Not much I'll ever be able to do about the cars. That block is always populated.
I gave a little more room on the bottom for the clipped stone. I feel the right most stone may be a little tight, but if I pan over I run out of house on that side. The only fix would be a retake from a slightly different position.
Thanks again, it seems this might be worth a second trip.


----------



## timor (Apr 12, 2014)

Maybe a shot from lower position would help ? To hide the cars behind tombstones ?


----------



## Rick58 (Apr 12, 2014)

That may work timor! I'll keep that thought in mind next trip.


----------



## Ysarex (Apr 12, 2014)

It's great! I wish there were more cars. It's a story; they live in the houses, drive around all busy in their cars and eventually all wind up across the street.

Joe


----------



## Derrel (Apr 12, 2014)

I think it would look GOOD, maybe even great, shot from a little bit off to the left, to cause the fore tombstones to aligning with just the FOUR row house rooflines and facades.

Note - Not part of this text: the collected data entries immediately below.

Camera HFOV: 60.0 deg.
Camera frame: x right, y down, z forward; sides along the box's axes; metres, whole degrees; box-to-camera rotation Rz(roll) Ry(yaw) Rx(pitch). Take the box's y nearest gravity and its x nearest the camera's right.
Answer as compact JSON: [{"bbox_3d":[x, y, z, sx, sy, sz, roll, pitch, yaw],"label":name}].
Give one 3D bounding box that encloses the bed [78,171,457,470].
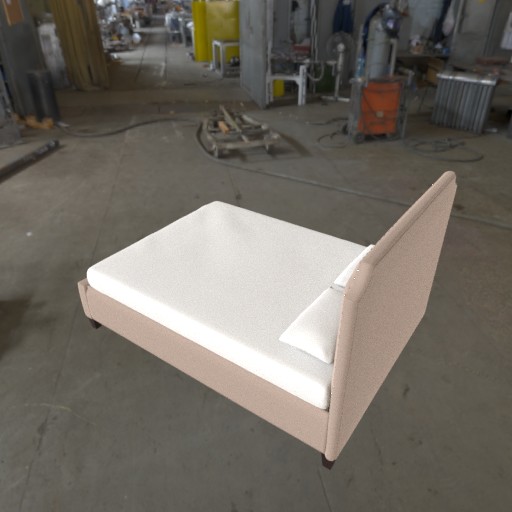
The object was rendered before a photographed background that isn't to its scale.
[{"bbox_3d":[0.000,0.000,3.439,2.372,1.443,1.713,20,37,30],"label":"bed"}]
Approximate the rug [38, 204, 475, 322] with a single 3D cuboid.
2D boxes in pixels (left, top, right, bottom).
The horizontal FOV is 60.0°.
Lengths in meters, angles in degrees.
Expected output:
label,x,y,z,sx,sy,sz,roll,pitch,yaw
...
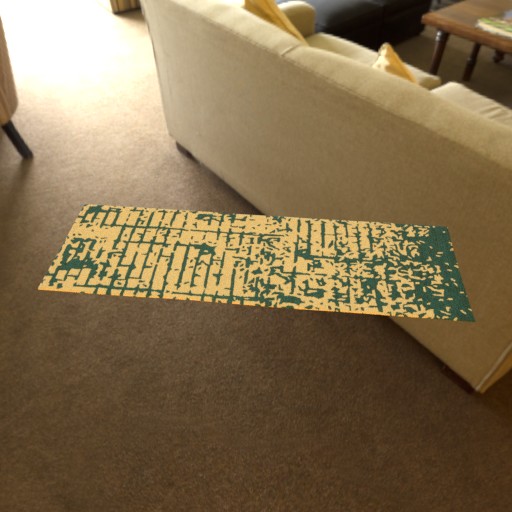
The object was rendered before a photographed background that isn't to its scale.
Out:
label,x,y,z,sx,sy,sz,roll,pitch,yaw
rug,0.000,0.000,2.709,2.435,0.011,0.750,4,47,4
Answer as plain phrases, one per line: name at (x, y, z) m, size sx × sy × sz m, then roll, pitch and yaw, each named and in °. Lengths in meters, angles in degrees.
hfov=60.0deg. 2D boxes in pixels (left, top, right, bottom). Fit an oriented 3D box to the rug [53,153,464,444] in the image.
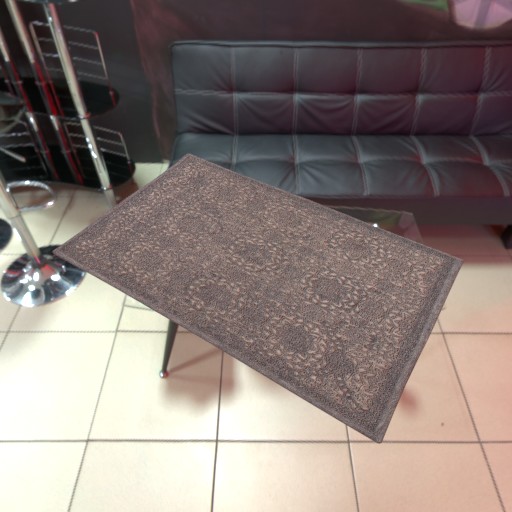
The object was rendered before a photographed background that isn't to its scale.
rug at (0.000, 0.000, 3.147) m, size 2.498 × 0.022 × 1.535 m, roll 25°, pitch 51°, yaw 22°
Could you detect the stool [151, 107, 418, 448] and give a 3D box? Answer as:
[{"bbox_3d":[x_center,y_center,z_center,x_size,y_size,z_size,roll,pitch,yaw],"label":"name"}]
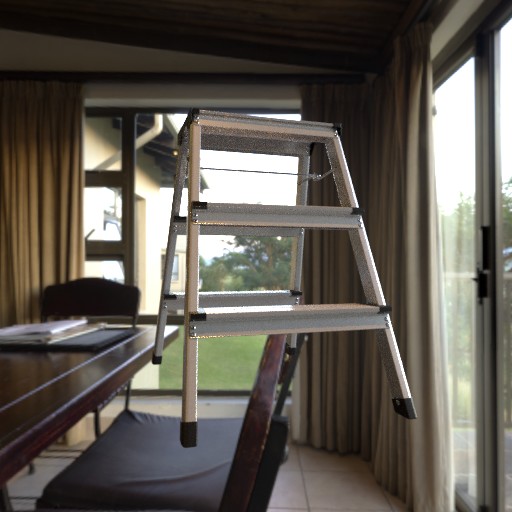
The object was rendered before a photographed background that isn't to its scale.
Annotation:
[{"bbox_3d":[0.000,0.000,1.052,0.437,0.605,0.622,0,-1,-18],"label":"stool"}]
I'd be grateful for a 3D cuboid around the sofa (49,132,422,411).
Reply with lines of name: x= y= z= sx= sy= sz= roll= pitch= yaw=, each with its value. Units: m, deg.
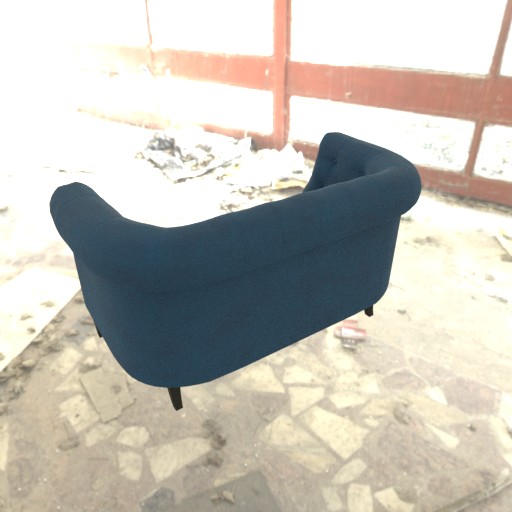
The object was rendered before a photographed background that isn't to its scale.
sofa: x=0.000 y=0.000 z=2.038 sx=1.558 sy=0.827 sz=0.835 roll=-19 pitch=35 yaw=-29

Hmmm...I bet a shift lens would be handy here...anyway, yeah, if one tombstone per house lined up, I think it'd look pretty cool!!!


----------



## snowbear (Apr 12, 2014)

Know anyone with a stroller/baby carriage to walk by?


----------



## timor (Apr 13, 2014)

Derrel said:


> Hmmm...I bet a shift lens would be handy here...anyway,


 Well, a view camera will be the best here to explore all of possibilities. But why to mention this ?


----------



## Rick58 (Apr 13, 2014)

timor said:


> Derrel said:
> 
> 
> > Hmmm...I bet a shift lens would be handy here...anyway,
> ...



Well, I have a Nikon PC and a Linholf Kardan, so I'm all set


----------



## timor (Apr 13, 2014)

Rick58 said:


> timor said:
> 
> 
> > Derrel said:
> ...


:thumbup:

 You need a full darkroom to. Or capable scanner.


----------



## Rick58 (Apr 14, 2014)

I miss my darkroom days and I'm not writing off the possibility of getting back into it. I sold my Calumet because I never used it, then I turn around and buy the Linholf because I always wanted one (20 years ago). Then I turn around and buy my Rollei SLR and haven't used it yet. I just can't seem to put down that new Nikon. I REALLY enjoy using that camera.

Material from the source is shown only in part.